=== Task directions ===
Search the entries below for the word "forward" and copy every line where it appears.

Stored items from a collection
——————
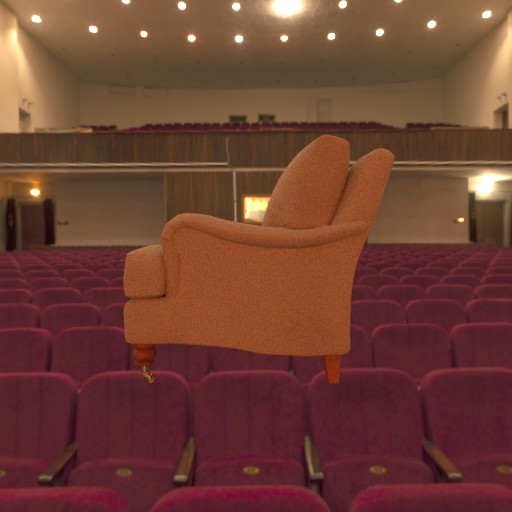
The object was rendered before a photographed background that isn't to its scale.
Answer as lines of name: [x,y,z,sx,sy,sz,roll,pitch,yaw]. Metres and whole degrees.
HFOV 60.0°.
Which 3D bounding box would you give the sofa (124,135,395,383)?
sofa: [0.000,0.000,2.718,1.091,0.997,2.070,0,1,0]
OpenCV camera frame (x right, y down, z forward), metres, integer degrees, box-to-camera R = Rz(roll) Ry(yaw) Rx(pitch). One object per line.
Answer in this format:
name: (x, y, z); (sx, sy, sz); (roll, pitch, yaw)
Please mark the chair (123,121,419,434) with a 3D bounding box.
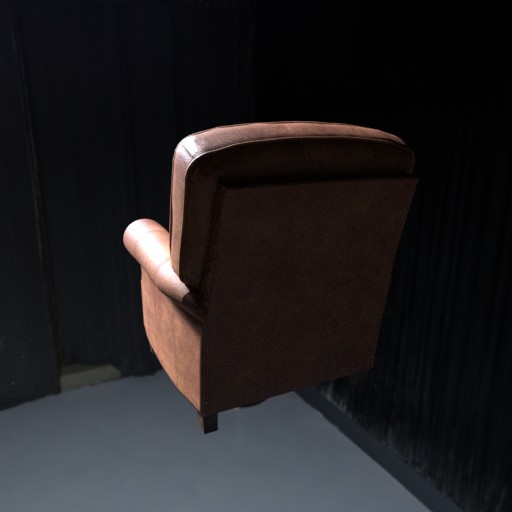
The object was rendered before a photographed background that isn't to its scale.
chair: (0.000, 0.000, 1.781); (0.936, 1.018, 0.986); (-8, 17, -26)
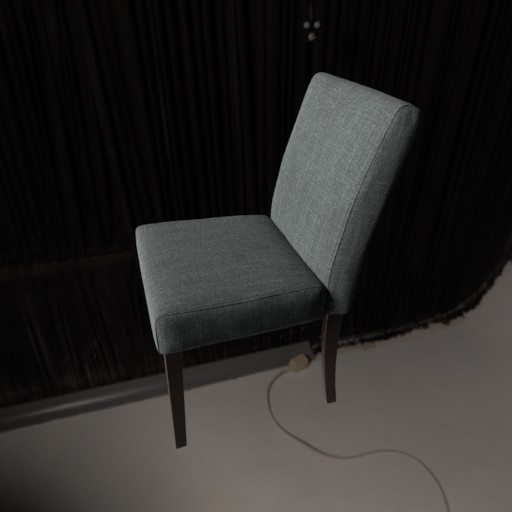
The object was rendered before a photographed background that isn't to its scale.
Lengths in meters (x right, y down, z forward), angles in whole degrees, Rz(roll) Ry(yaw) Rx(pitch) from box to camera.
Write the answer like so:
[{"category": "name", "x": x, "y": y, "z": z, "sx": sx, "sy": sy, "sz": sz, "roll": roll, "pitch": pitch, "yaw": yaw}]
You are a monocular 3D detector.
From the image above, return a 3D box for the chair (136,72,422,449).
[{"category": "chair", "x": 0.000, "y": 0.000, "z": 1.249, "sx": 0.629, "sy": 0.884, "sz": 0.487, "roll": -10, "pitch": 33, "yaw": -15}]
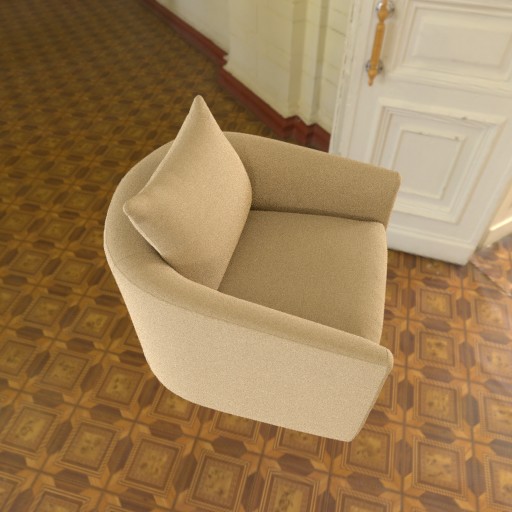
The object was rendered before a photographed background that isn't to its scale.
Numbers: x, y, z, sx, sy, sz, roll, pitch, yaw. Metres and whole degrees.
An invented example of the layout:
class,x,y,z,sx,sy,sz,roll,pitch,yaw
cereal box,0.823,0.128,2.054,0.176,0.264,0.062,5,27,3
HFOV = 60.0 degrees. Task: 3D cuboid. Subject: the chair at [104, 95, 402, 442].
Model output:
class,x,y,z,sx,sy,sz,roll,pitch,yaw
chair,0.000,0.000,1.545,0.910,0.848,0.845,10,48,9
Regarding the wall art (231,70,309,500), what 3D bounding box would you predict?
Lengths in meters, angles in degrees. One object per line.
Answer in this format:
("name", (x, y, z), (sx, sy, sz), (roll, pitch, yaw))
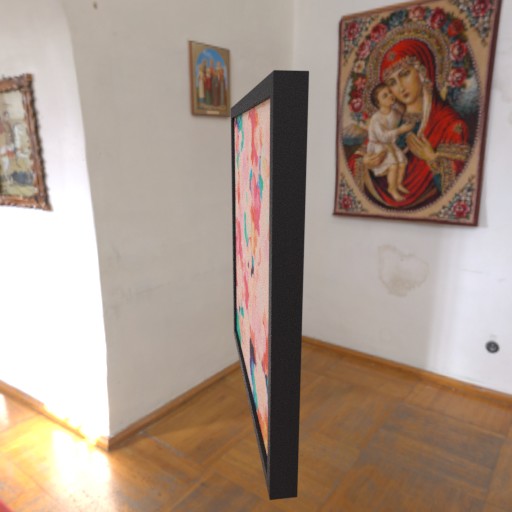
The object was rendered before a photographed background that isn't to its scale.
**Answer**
("wall art", (0.000, 0.000, 0.739), (0.036, 0.503, 0.506), (-2, 15, -8))
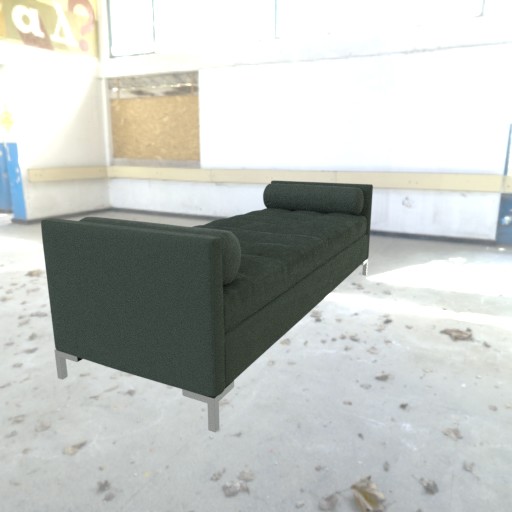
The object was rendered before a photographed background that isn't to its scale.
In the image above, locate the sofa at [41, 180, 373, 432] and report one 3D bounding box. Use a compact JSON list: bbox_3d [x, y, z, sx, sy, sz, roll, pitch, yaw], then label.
[{"bbox_3d":[0.000,0.000,2.461,0.797,0.657,2.102,7,16,27],"label":"sofa"}]
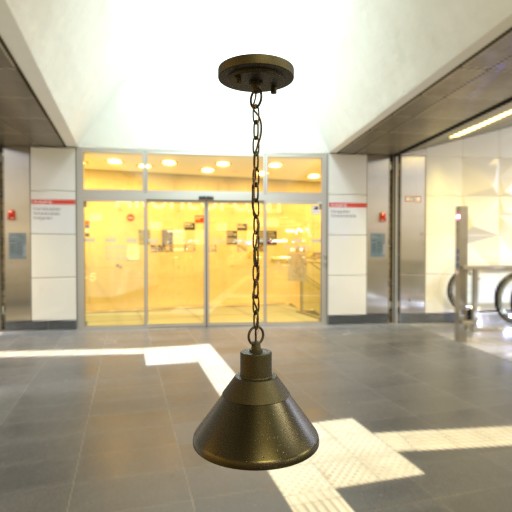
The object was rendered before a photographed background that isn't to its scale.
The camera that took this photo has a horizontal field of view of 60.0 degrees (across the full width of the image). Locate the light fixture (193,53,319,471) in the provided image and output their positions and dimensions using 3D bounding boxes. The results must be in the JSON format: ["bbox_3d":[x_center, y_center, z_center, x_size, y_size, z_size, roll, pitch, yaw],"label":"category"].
[{"bbox_3d":[0.000,0.000,0.706,0.201,0.588,0.201,-1,1,-36],"label":"light fixture"}]
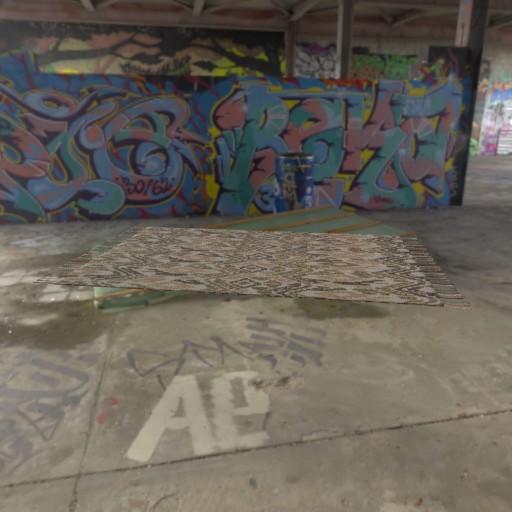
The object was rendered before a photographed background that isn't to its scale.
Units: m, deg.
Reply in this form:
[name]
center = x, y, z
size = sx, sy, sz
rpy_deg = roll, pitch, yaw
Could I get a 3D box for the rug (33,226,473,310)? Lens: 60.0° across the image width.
[rug]
center = 0.000, 0.000, 3.099
size = 2.438, 0.008, 1.524
rpy_deg = 2, 17, 8
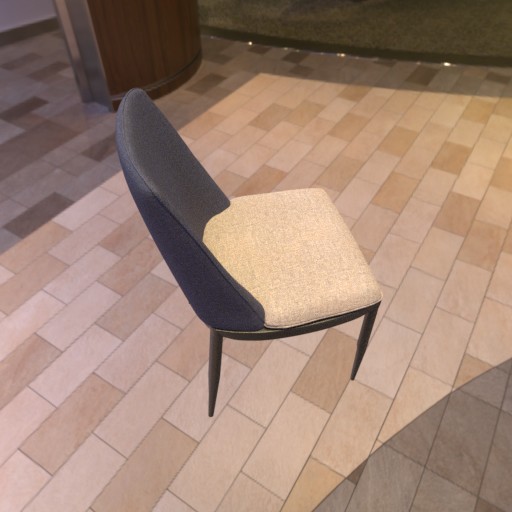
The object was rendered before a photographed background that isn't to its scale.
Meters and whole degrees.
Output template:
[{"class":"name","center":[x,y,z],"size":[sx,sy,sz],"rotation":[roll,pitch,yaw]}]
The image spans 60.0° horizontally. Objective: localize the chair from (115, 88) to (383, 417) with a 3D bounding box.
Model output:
[{"class":"chair","center":[0.000,0.000,1.178],"size":[0.551,0.839,0.480],"rotation":[-10,47,-9]}]
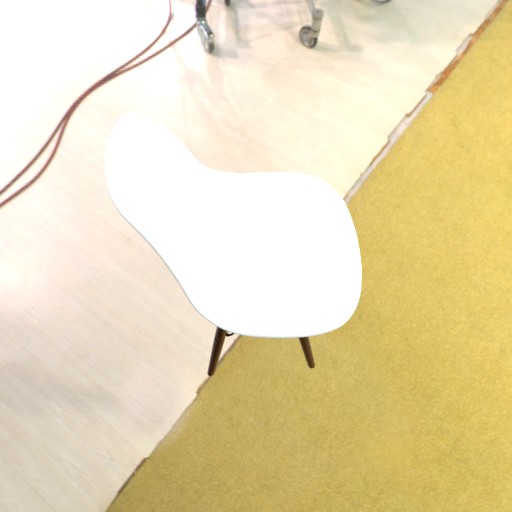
——————
=== Task solution ===
OpenCV camera frame (x right, y down, z forward), metres, integer degrees, box-to-camera R = Rz(roll) Ry(yaw) Rx(pitch). One object per line.
Lengths in meters (x right, y down, z forward), angles in whole degrees, Rz(roll) Ry(yaw) Rx(pitch) from box to camera.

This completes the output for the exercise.